Don’t upgrade without checking the release notes first, because in some cases an
upgrade may require manual migration
steps. (At this writing, there are no upgrade release notes because this is the
playbook’s initial release.)
Run the ansible playbook¶
Now we are ready to run the playbook, which will download, configure, and install the Data Library software using the parameters you defined in the configuration files.
From the root directory of the configuration repository, run the following command:
ansible-playbook \
--ask-become-pass \
-i inventory.cfg \
-e @../secrets.yaml \
-e run_update_script=yes \
playbook.yaml
Each step of the installation will be printed to the terminal. At a site with a fast connection to the internet, the playbook generally finishes within ten minutes, but if bandwidth is limited it may take a few hours, as the installation process involves downloading several GB of software packages and container images.

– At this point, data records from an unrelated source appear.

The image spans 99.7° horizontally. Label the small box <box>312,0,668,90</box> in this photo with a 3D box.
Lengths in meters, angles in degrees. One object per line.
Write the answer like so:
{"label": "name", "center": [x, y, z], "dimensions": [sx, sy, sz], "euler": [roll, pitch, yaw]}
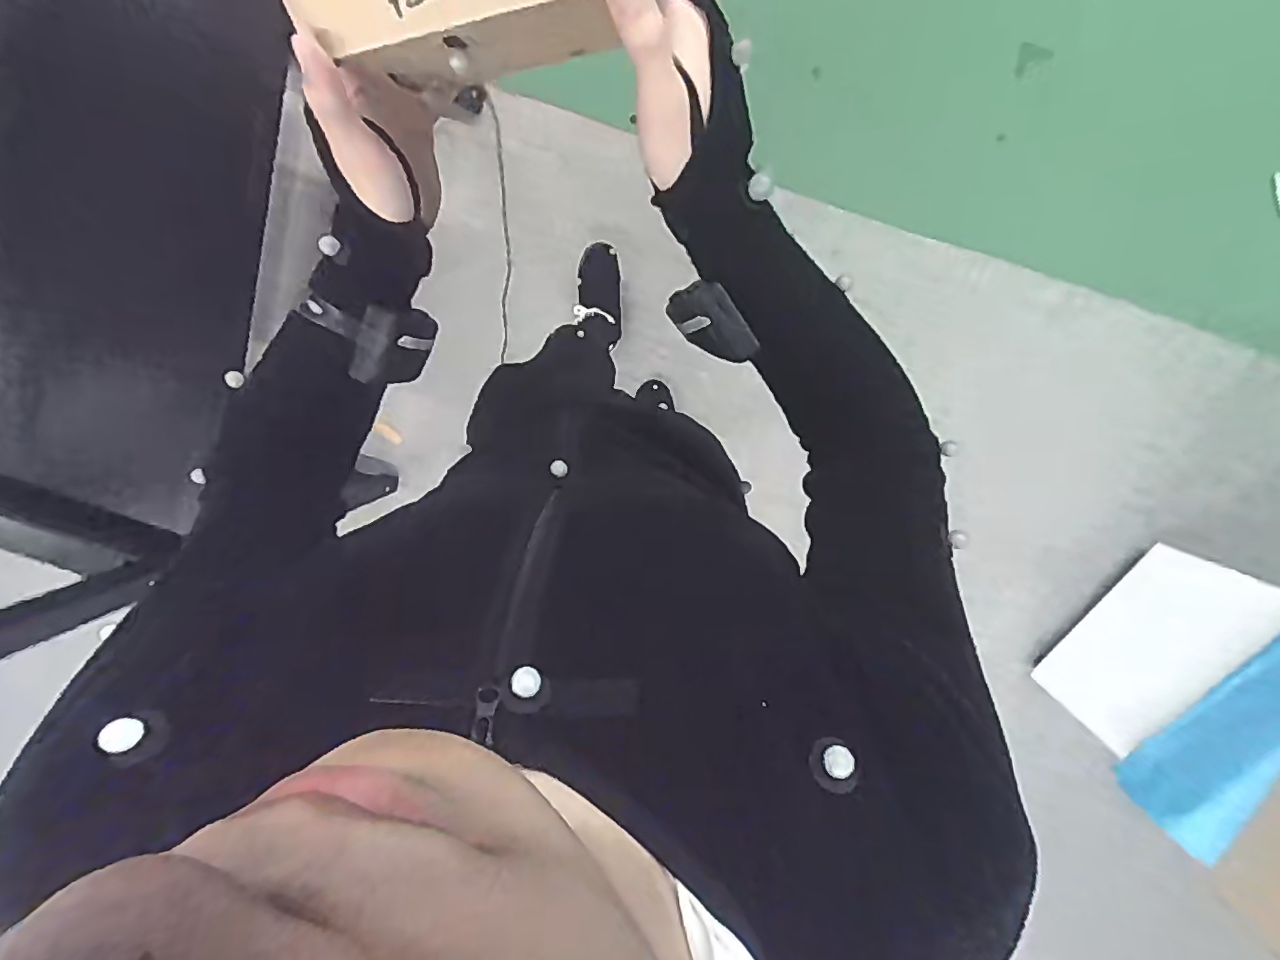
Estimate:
{"label": "small box", "center": [-0.081, -0.337, 0.290], "dimensions": [0.168, 0.176, 0.179], "euler": [-4, 120, 11]}
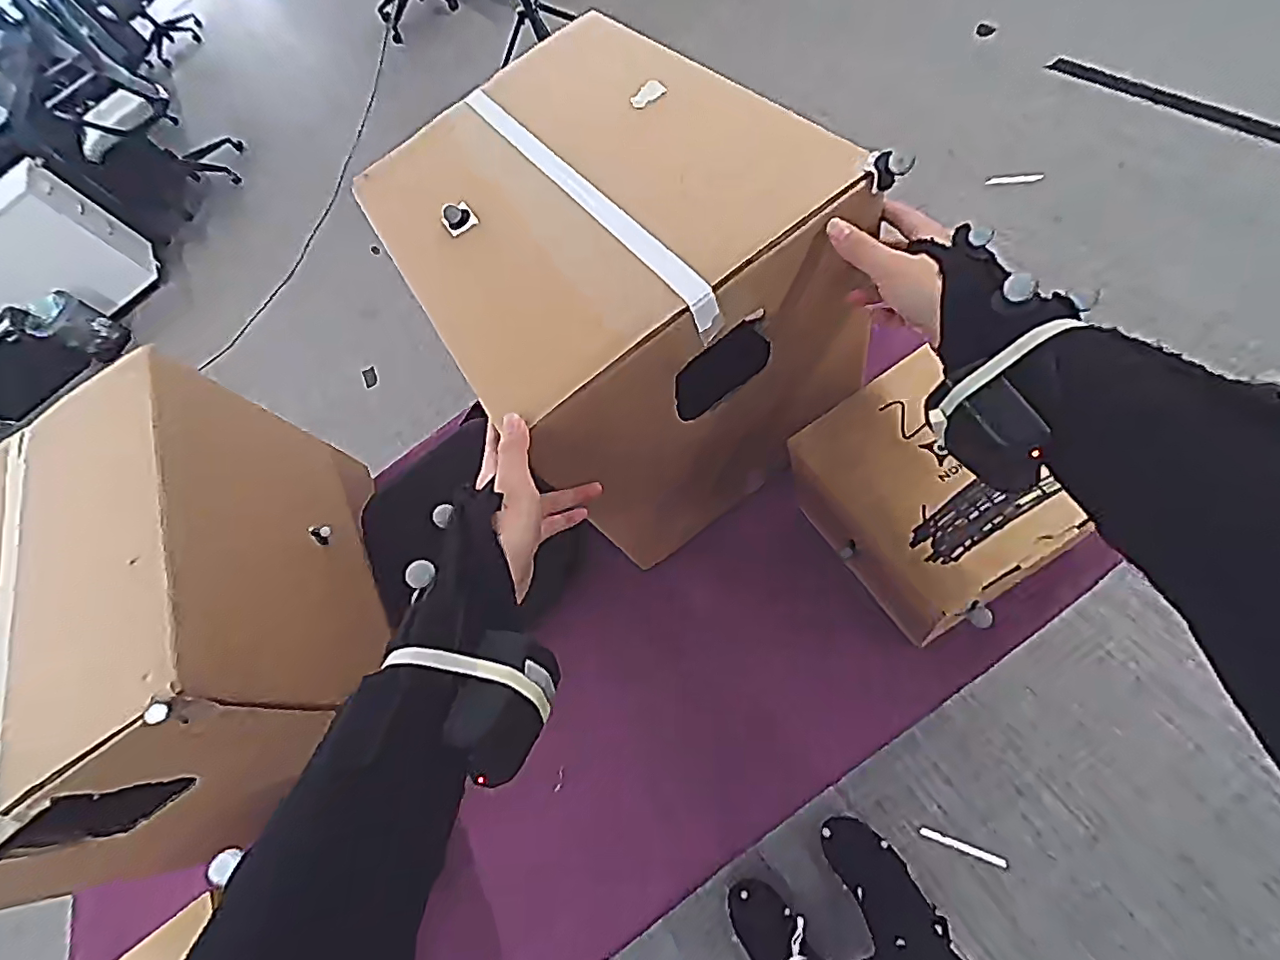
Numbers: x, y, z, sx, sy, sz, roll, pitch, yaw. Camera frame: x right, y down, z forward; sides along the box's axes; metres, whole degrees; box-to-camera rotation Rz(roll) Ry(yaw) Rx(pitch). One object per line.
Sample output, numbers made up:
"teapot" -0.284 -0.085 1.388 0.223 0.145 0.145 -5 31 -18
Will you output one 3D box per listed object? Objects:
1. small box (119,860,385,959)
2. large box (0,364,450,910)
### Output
"small box" -0.363 0.489 0.490 0.179 0.176 0.168 -38 58 0
"large box" -0.486 0.158 0.610 0.320 0.320 0.408 -36 62 2
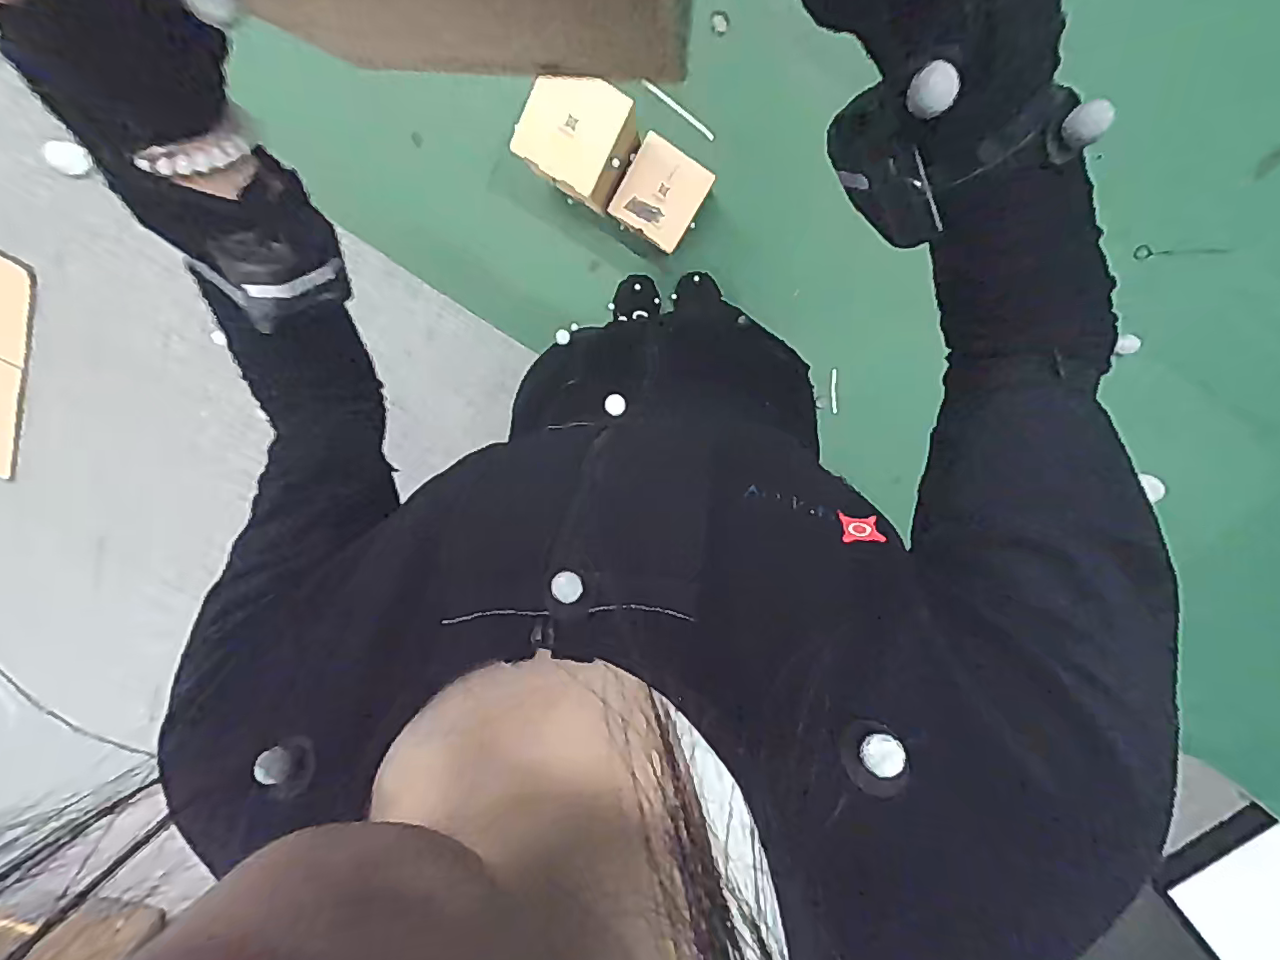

You should now be able to visit your Data Library server in a browser, but the maprooms are not yet functional because the data that underlies them has yet to be installed.
Install datasets¶
Among other things, the ansible playbook has created structures (directories, groups, a database, and permissions) to support the installation of datasets. You can now install your data as described in Installing data. A member of the IRI staff will typically be involved in this process, as it may involve copying large amounts of data from an IRI server to yours.
Use your new Data Library¶
You should now be able to visit your Data Library server in a browser. For next steps, see the Maintenance page of the current guide, and the User Guide.